■ What is needed: From the entries below, transcribe exactly the lines between the line holding "Which 3D bounding" and the line holding "- small box from (473, 662) to (580, 773)", inclusive; skip all other lines.

■ Records for this exercise:
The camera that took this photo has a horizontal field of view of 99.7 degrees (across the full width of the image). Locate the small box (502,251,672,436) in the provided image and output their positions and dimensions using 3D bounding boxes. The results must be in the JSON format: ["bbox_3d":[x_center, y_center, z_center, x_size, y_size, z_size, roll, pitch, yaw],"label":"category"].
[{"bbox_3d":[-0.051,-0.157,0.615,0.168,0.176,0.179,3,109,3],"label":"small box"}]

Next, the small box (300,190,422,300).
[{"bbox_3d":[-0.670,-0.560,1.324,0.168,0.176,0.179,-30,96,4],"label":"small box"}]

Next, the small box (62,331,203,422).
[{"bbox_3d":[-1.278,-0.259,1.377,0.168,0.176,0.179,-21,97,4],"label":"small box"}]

--

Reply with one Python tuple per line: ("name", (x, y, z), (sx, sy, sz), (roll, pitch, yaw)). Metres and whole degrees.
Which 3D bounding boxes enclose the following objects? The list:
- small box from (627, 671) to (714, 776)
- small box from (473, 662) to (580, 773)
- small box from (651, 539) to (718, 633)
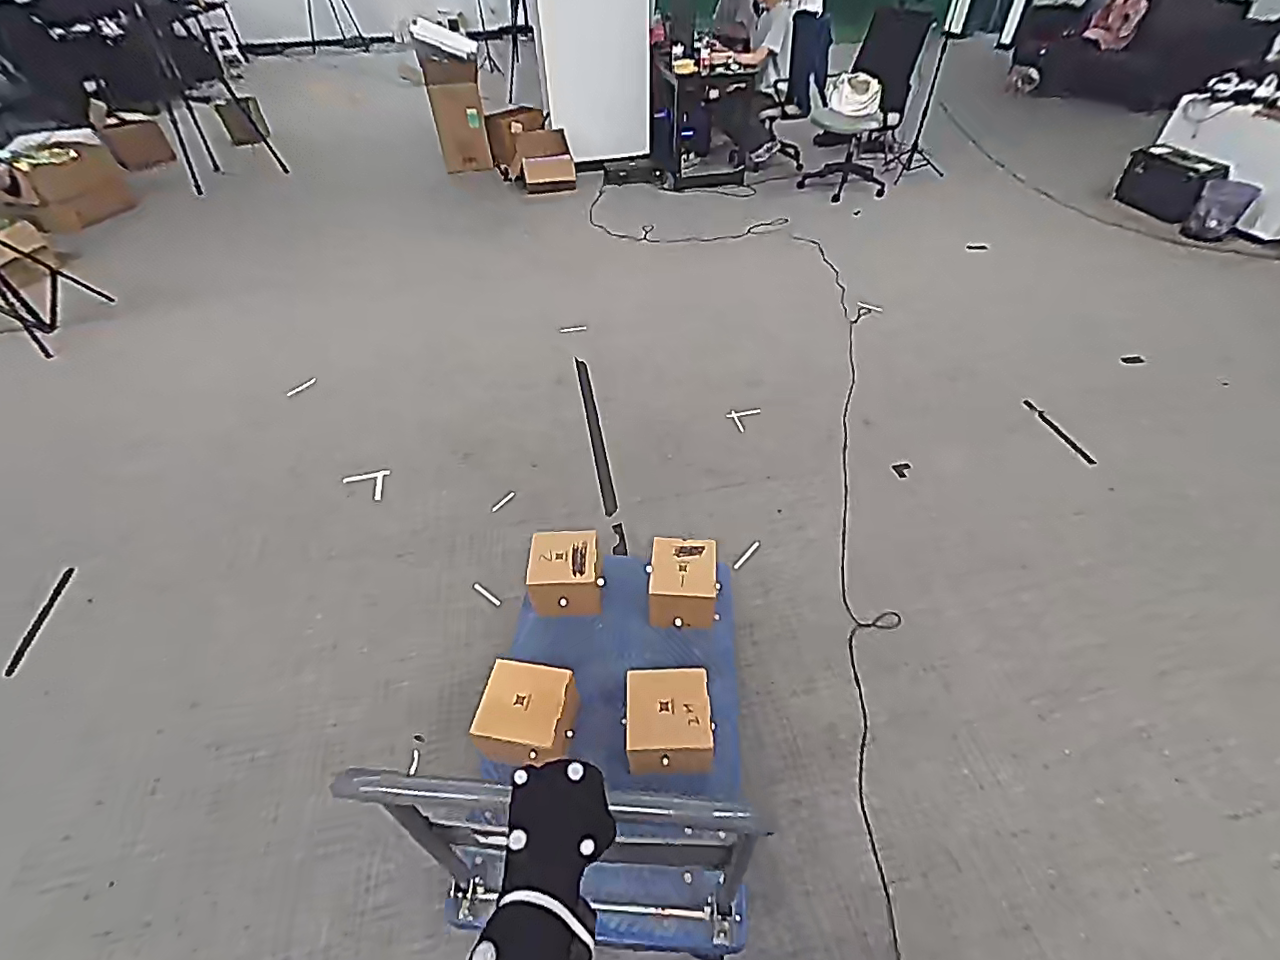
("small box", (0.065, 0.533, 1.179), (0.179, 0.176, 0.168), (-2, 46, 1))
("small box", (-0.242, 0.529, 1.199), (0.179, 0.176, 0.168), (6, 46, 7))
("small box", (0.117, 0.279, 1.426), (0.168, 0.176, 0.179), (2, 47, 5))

■ Solution to the problem:
Which 3D bounding boxes enclose the following objects? The list:
- small box from (627, 671) to (714, 776)
- small box from (473, 662) to (580, 773)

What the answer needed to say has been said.